Up to and including the line that contains "#2 car <box>205,192,241,217</box>", repeat each line of the data exactly, starting from the first.

Dataset excerpts:

----

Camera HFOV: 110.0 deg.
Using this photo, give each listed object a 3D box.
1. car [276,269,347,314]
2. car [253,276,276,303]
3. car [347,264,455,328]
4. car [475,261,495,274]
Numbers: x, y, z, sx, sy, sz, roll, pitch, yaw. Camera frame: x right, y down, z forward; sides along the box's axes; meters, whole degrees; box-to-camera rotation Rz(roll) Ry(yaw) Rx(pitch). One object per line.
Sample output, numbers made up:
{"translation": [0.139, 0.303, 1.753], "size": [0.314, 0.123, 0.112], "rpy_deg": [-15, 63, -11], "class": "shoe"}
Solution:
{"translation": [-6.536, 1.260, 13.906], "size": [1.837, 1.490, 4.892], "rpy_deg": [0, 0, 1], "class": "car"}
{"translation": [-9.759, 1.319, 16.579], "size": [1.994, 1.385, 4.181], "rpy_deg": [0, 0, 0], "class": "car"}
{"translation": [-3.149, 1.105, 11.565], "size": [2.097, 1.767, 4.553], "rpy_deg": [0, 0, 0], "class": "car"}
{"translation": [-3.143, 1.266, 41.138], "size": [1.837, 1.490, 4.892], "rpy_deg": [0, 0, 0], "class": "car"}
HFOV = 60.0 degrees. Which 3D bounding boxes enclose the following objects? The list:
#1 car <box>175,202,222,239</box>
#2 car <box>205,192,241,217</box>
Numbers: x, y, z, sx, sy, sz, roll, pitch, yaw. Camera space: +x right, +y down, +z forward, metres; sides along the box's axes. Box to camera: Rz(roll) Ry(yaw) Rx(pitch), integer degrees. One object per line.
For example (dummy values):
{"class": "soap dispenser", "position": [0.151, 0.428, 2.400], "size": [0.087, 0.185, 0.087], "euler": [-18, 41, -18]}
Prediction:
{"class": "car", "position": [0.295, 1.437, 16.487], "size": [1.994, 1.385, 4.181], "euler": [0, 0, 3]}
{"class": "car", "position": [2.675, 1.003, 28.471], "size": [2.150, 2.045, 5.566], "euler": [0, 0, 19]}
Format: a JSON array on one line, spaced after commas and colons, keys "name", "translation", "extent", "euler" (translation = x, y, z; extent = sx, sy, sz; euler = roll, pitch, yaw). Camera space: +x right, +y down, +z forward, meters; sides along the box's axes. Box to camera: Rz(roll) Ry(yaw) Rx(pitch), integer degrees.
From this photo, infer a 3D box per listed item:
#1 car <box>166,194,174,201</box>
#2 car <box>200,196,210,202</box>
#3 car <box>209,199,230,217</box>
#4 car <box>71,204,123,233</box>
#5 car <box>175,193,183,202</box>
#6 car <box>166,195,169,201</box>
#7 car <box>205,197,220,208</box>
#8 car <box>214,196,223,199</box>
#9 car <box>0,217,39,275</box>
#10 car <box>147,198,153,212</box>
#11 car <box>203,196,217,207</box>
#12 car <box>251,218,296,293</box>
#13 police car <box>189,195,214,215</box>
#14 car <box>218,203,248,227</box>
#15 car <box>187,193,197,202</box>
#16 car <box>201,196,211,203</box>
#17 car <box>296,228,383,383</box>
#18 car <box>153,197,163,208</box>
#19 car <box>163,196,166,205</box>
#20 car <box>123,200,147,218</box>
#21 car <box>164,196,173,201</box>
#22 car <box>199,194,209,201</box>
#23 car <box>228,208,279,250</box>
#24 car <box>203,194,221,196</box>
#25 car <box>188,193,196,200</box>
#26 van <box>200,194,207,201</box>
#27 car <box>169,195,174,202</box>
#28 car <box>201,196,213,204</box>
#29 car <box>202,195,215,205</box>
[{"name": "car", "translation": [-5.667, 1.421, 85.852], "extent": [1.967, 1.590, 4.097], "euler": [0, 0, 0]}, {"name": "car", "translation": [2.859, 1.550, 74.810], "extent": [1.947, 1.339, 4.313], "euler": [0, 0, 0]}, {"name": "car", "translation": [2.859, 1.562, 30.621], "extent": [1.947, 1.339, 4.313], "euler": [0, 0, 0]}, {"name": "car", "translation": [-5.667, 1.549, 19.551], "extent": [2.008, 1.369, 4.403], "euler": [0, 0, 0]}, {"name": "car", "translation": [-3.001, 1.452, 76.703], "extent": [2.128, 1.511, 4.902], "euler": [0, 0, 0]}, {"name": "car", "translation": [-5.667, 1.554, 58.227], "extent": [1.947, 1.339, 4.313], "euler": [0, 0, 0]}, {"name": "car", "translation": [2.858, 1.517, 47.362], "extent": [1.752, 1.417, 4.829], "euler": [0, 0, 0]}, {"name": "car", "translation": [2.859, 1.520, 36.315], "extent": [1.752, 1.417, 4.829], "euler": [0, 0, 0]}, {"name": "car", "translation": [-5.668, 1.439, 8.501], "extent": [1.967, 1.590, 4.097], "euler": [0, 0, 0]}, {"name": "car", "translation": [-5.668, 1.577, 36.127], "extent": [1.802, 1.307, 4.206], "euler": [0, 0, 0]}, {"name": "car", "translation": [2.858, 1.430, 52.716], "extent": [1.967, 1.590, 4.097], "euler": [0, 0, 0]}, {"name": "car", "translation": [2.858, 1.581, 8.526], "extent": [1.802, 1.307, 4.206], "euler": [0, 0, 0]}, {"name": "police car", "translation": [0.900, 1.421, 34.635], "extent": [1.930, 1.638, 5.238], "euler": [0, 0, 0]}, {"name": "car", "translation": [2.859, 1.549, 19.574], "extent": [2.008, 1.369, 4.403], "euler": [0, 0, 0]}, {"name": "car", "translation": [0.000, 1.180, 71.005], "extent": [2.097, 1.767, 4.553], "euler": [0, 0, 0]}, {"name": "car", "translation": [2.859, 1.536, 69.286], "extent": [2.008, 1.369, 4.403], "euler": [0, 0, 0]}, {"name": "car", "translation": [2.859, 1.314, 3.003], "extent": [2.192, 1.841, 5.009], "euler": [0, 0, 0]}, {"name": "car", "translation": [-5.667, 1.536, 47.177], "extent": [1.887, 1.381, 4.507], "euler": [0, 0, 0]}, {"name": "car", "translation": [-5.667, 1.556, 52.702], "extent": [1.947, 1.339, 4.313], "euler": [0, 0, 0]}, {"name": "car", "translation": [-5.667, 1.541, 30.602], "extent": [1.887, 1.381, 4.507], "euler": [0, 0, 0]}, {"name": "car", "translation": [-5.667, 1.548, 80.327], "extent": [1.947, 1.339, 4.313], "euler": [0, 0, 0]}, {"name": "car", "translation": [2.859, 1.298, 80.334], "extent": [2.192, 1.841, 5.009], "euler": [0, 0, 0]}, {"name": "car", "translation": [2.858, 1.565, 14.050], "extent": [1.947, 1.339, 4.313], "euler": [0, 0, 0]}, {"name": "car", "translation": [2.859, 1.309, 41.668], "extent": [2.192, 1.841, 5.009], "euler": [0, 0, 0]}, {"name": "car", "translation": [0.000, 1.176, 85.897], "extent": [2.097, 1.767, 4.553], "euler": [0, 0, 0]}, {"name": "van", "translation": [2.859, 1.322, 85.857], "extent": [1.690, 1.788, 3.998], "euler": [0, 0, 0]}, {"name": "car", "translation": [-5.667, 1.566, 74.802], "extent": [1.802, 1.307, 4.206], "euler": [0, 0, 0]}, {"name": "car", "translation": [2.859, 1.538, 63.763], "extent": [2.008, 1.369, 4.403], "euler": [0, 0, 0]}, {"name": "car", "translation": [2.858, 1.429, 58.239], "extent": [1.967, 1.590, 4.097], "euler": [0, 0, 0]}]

----

Exercise solution:
Camera HFOV: 110.0 deg.
Using this photo, give each listed object a 3D box.
1. car [276,269,347,314]
2. car [253,276,276,303]
3. car [347,264,455,328]
4. car [475,261,495,274]
Numbers: x, y, z, sx, sy, sz, roll, pitch, yaw. Camera frame: x right, y down, z forward; sides along the box's axes; meters, whole degrees; box-to-camera rotation Rz(roll) Ry(yaw) Rx(pitch). One object per line.
Sample output, numbers made up:
{"translation": [0.139, 0.303, 1.753], "size": [0.314, 0.123, 0.112], "rpy_deg": [-15, 63, -11], "class": "shoe"}
Solution:
{"translation": [-6.536, 1.260, 13.906], "size": [1.837, 1.490, 4.892], "rpy_deg": [0, 0, 1], "class": "car"}
{"translation": [-9.759, 1.319, 16.579], "size": [1.994, 1.385, 4.181], "rpy_deg": [0, 0, 0], "class": "car"}
{"translation": [-3.149, 1.105, 11.565], "size": [2.097, 1.767, 4.553], "rpy_deg": [0, 0, 0], "class": "car"}
{"translation": [-3.143, 1.266, 41.138], "size": [1.837, 1.490, 4.892], "rpy_deg": [0, 0, 0], "class": "car"}
HFOV = 60.0 degrees. Which 3D bounding boxes enclose the following objects? The list:
#1 car <box>175,202,222,239</box>
#2 car <box>205,192,241,217</box>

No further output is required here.